DATASET RECORDS:
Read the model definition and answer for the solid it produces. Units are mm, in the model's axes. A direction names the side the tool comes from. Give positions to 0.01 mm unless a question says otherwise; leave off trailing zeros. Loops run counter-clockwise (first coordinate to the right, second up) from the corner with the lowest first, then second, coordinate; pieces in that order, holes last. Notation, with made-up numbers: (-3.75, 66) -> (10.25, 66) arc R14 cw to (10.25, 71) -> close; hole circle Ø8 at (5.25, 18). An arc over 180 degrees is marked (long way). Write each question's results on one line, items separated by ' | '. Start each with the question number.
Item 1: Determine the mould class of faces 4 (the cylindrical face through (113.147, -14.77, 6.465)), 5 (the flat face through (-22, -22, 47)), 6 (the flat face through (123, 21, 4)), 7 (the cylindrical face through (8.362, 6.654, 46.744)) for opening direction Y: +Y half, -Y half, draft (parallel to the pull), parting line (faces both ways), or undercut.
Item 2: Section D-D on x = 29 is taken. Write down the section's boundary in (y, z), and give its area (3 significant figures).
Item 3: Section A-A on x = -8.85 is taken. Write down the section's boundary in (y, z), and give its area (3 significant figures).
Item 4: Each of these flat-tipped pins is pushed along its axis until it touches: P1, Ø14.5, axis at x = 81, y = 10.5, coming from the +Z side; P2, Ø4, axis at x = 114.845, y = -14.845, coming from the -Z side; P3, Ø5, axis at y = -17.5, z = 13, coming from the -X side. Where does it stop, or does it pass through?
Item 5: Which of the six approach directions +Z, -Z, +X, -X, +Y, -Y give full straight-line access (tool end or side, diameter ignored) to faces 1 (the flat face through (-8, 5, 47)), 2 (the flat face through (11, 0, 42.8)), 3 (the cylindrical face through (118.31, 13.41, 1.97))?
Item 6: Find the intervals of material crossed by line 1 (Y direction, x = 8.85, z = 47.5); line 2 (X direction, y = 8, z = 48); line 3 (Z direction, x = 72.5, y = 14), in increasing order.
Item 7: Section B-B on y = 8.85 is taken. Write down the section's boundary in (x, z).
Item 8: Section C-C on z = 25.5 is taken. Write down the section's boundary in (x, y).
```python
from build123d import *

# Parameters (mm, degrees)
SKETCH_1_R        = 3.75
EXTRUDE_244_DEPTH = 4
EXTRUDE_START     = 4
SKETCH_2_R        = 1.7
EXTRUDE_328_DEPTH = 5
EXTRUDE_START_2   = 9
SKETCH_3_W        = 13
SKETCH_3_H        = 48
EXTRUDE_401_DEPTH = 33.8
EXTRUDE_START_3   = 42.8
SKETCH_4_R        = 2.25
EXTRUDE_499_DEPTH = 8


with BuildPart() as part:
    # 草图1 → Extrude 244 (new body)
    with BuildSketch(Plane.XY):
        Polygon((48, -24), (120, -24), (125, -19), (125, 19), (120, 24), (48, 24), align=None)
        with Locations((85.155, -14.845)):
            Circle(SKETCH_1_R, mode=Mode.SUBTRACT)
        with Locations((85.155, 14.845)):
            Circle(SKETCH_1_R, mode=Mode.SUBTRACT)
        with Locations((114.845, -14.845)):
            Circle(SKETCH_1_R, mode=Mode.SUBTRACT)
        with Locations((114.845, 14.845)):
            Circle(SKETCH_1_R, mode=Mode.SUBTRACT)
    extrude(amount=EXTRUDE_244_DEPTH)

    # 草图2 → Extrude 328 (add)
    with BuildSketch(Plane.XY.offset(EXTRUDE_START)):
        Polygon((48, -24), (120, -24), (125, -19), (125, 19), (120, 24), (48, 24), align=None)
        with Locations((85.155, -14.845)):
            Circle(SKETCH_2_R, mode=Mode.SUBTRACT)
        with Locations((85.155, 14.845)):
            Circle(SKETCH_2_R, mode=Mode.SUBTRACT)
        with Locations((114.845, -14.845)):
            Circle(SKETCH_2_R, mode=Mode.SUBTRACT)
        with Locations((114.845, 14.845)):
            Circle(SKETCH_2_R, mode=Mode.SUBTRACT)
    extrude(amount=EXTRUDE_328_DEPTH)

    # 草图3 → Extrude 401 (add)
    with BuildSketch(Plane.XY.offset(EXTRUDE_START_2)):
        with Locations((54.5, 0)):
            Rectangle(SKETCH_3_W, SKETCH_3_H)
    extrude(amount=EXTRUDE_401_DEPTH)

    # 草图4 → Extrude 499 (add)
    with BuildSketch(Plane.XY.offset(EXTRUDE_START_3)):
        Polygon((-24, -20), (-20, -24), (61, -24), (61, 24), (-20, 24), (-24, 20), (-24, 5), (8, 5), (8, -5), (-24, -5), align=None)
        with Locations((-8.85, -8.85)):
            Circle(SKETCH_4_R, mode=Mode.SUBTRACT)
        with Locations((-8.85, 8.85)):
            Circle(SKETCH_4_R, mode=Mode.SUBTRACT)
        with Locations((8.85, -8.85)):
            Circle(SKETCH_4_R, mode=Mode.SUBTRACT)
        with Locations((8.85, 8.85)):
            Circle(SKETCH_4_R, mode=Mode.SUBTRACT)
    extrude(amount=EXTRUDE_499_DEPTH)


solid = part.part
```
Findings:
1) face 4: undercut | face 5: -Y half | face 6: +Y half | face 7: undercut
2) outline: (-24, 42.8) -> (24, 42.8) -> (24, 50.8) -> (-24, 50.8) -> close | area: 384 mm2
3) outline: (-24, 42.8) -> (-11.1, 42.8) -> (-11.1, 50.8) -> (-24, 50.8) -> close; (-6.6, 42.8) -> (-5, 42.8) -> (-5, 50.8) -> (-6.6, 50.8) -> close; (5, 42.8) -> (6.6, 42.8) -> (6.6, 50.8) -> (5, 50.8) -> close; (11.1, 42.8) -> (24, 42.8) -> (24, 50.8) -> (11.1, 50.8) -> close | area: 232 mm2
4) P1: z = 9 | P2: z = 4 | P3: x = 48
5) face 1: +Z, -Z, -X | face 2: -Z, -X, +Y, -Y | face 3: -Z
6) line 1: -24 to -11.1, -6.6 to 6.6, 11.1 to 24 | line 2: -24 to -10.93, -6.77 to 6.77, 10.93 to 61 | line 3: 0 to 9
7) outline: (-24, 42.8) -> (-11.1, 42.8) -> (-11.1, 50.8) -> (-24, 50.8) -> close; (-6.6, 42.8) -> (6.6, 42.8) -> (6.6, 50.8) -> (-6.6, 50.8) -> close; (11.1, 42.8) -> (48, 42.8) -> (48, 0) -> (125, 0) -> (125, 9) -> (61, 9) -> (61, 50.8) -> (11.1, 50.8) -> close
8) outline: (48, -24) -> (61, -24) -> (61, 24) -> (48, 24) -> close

AIM OF THE EXERCISE: Send back all the records above word for word.

SOLUTION BELOW:
Read the model definition and answer for the solid it produces. Units are mm, in the model's axes. A direction names the side the tool comes from. Give positions to 0.01 mm unless a question says otherwise; leave off trailing zeros. Loops run counter-clockwise (first coordinate to the right, second up) from the corner with the lowest first, then second, coordinate; pieces in that order, holes last. Notation, with made-up numbers: (-3.75, 66) -> (10.25, 66) arc R14 cw to (10.25, 71) -> close; hole circle Ø8 at (5.25, 18). An arc over 180 degrees is marked (long way). Write each question's results on one line, items separated by ' | '. Start each with the question number.
Item 1: Determine the mould class of faces 4 (the cylindrical face through (113.147, -14.77, 6.465)), 5 (the flat face through (-22, -22, 47)), 6 (the flat face through (123, 21, 4)), 7 (the cylindrical face through (8.362, 6.654, 46.744)) for opening direction Y: +Y half, -Y half, draft (parallel to the pull), parting line (faces both ways), or undercut.
Item 2: Section D-D on x = 29 is taken. Write down the section's boundary in (y, z), and give its area (3 significant figures).
Item 3: Section A-A on x = -8.85 is taken. Write down the section's boundary in (y, z), and give its area (3 significant figures).
Item 4: Each of these flat-tipped pins is pushed along its axis until it touches: P1, Ø14.5, axis at x = 81, y = 10.5, coming from the +Z side; P2, Ø4, axis at x = 114.845, y = -14.845, coming from the -Z side; P3, Ø5, axis at y = -17.5, z = 13, coming from the -X side. Where does it stop, or does it pass through?
Item 5: Which of the six approach directions +Z, -Z, +X, -X, +Y, -Y give full straight-line access (tool end or side, diameter ignored) to faces 1 (the flat face through (-8, 5, 47)), 2 (the flat face through (11, 0, 42.8)), 3 (the cylindrical face through (118.31, 13.41, 1.97))?
Item 6: Find the intervals of material crossed by line 1 (Y direction, x = 8.85, z = 47.5); line 2 (X direction, y = 8, z = 48); line 3 (Z direction, x = 72.5, y = 14), in increasing order.
Item 7: Section B-B on y = 8.85 is taken. Write down the section's boundary in (x, z).
Item 8: Section C-C on z = 25.5 is taken. Write down the section's boundary in (x, y).
```python
from build123d import *

# Parameters (mm, degrees)
SKETCH_1_R        = 3.75
EXTRUDE_244_DEPTH = 4
EXTRUDE_START     = 4
SKETCH_2_R        = 1.7
EXTRUDE_328_DEPTH = 5
EXTRUDE_START_2   = 9
SKETCH_3_W        = 13
SKETCH_3_H        = 48
EXTRUDE_401_DEPTH = 33.8
EXTRUDE_START_3   = 42.8
SKETCH_4_R        = 2.25
EXTRUDE_499_DEPTH = 8


with BuildPart() as part:
    # 草图1 → Extrude 244 (new body)
    with BuildSketch(Plane.XY):
        Polygon((48, -24), (120, -24), (125, -19), (125, 19), (120, 24), (48, 24), align=None)
        with Locations((85.155, -14.845)):
            Circle(SKETCH_1_R, mode=Mode.SUBTRACT)
        with Locations((85.155, 14.845)):
            Circle(SKETCH_1_R, mode=Mode.SUBTRACT)
        with Locations((114.845, -14.845)):
            Circle(SKETCH_1_R, mode=Mode.SUBTRACT)
        with Locations((114.845, 14.845)):
            Circle(SKETCH_1_R, mode=Mode.SUBTRACT)
    extrude(amount=EXTRUDE_244_DEPTH)

    # 草图2 → Extrude 328 (add)
    with BuildSketch(Plane.XY.offset(EXTRUDE_START)):
        Polygon((48, -24), (120, -24), (125, -19), (125, 19), (120, 24), (48, 24), align=None)
        with Locations((85.155, -14.845)):
            Circle(SKETCH_2_R, mode=Mode.SUBTRACT)
        with Locations((85.155, 14.845)):
            Circle(SKETCH_2_R, mode=Mode.SUBTRACT)
        with Locations((114.845, -14.845)):
            Circle(SKETCH_2_R, mode=Mode.SUBTRACT)
        with Locations((114.845, 14.845)):
            Circle(SKETCH_2_R, mode=Mode.SUBTRACT)
    extrude(amount=EXTRUDE_328_DEPTH)

    # 草图3 → Extrude 401 (add)
    with BuildSketch(Plane.XY.offset(EXTRUDE_START_2)):
        with Locations((54.5, 0)):
            Rectangle(SKETCH_3_W, SKETCH_3_H)
    extrude(amount=EXTRUDE_401_DEPTH)

    # 草图4 → Extrude 499 (add)
    with BuildSketch(Plane.XY.offset(EXTRUDE_START_3)):
        Polygon((-24, -20), (-20, -24), (61, -24), (61, 24), (-20, 24), (-24, 20), (-24, 5), (8, 5), (8, -5), (-24, -5), align=None)
        with Locations((-8.85, -8.85)):
            Circle(SKETCH_4_R, mode=Mode.SUBTRACT)
        with Locations((-8.85, 8.85)):
            Circle(SKETCH_4_R, mode=Mode.SUBTRACT)
        with Locations((8.85, -8.85)):
            Circle(SKETCH_4_R, mode=Mode.SUBTRACT)
        with Locations((8.85, 8.85)):
            Circle(SKETCH_4_R, mode=Mode.SUBTRACT)
    extrude(amount=EXTRUDE_499_DEPTH)


solid = part.part
```
Findings:
1) face 4: undercut | face 5: -Y half | face 6: +Y half | face 7: undercut
2) outline: (-24, 42.8) -> (24, 42.8) -> (24, 50.8) -> (-24, 50.8) -> close | area: 384 mm2
3) outline: (-24, 42.8) -> (-11.1, 42.8) -> (-11.1, 50.8) -> (-24, 50.8) -> close; (-6.6, 42.8) -> (-5, 42.8) -> (-5, 50.8) -> (-6.6, 50.8) -> close; (5, 42.8) -> (6.6, 42.8) -> (6.6, 50.8) -> (5, 50.8) -> close; (11.1, 42.8) -> (24, 42.8) -> (24, 50.8) -> (11.1, 50.8) -> close | area: 232 mm2
4) P1: z = 9 | P2: z = 4 | P3: x = 48
5) face 1: +Z, -Z, -X | face 2: -Z, -X, +Y, -Y | face 3: -Z
6) line 1: -24 to -11.1, -6.6 to 6.6, 11.1 to 24 | line 2: -24 to -10.93, -6.77 to 6.77, 10.93 to 61 | line 3: 0 to 9
7) outline: (-24, 42.8) -> (-11.1, 42.8) -> (-11.1, 50.8) -> (-24, 50.8) -> close; (-6.6, 42.8) -> (6.6, 42.8) -> (6.6, 50.8) -> (-6.6, 50.8) -> close; (11.1, 42.8) -> (48, 42.8) -> (48, 0) -> (125, 0) -> (125, 9) -> (61, 9) -> (61, 50.8) -> (11.1, 50.8) -> close
8) outline: (48, -24) -> (61, -24) -> (61, 24) -> (48, 24) -> close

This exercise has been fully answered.